La historia de Antikythera

Máquina de Antikythera

La máquina de Antikythera , también conocida como el mecanismo de Antikythera , es la calculadora mecánica más antigua que se conoce, fechada entre 150 y 100 a.C. o, según hipótesis más recientes, 250 a.C. Es un planetario sofisticado, impulsado por ruedas dentadas, que se utilizó para calcular la salida del sol, las fases lunares, los movimientos de los cinco planetas entonces conocidos, los equinoccios, los meses, los días de la semana y, según un estudio publicado en Nature, las fechas de los Juegos Olímpicos. Toma su nombre de la isla griega de Anticitera (Cerigotto) donde se encontró en los restos del naufragio de Anticitera, los restos de un naufragio que tuvo lugar en el segundo cuarto del siglo I a.C., que contiene, junto con numerosos objetos de la época, también la "máquina". . Se conserva en el Museo Arqueológico Nacional de Atenas.
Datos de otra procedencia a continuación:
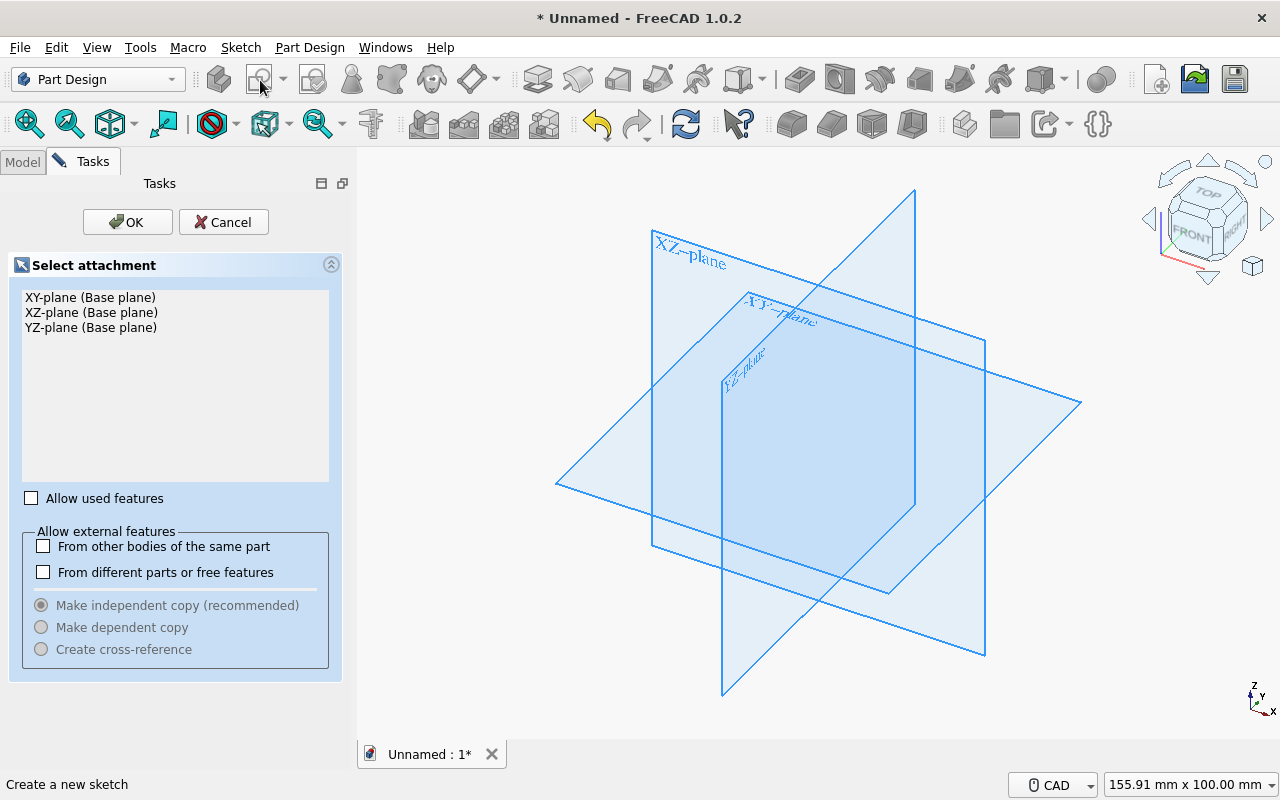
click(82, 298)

Descubrimiento y primeros análisis

El mecanismo fue encontrado en 1900 gracias al informe de un grupo de pescadores de esponjas que, perdido su ruta debido a una tormenta, se habían visto obligados a refugiarse en la rocosa isla de Cerigotto. Fuera de la isla, a una profundidad de unos 43 metros, descubrieron los restos de un barco, que naufragó en el segundo cuarto del siglo I a.C. y se utilizó para transportar objetos de prestigio, entre ellos estatuas de bronce y mármol.

El 17 de mayo de 1902, el arqueólogo Valerios Stais, al examinar los hallazgos recuperados del pecio, notó que un bloque de piedra tenía incorporado un engranaje. Tras un examen más detenido, se descubrió que lo que inicialmente parecía ser una piedra era en realidad un mecanismo muy incrustado y corroído, del cual habían sobrevivido tres partes principales y docenas de fragmentos menores.

Consistía en toda una serie de ruedas dentadas, cubiertas con inscripciones, parte de un elaborado mecanismo de relojería.

La máquina tenía un tamaño de aproximadamente 30 cm por 15 cm, el grosor de un libro, construida de cobre y montada originalmente en un marco de madera. Se cubrió con más de 2.000 caracteres de escritura, de los cuales alrededor del 95% han sido descifrados (aún no se ha publicado el texto completo de la inscripción).

El mecanismo se conserva en la colección de bronces del Museo Arqueológico Nacional de Atenas, junto con su reconstrucción.

Algunos estudiosos argumentaron que el mecanismo era demasiado complejo para pertenecer al naufragio y algunos expertos argumentaron que los restos del mecanismo podrían remontarse a un planetario o un astrolabio. Las controversias continuaron durante mucho tiempo, pero la cuestión seguía sin resolverse. Solo en 1951 comenzaron a revelarse las dudas sobre el misterioso mecanismo. De hecho, ese año el profesor Derek de Solla Price comenzó a estudiar el dispositivo, examinando cuidadosamente cada rueda y cada pieza y logrando, después de unos veinte años de investigación, descubrir su funcionamiento original.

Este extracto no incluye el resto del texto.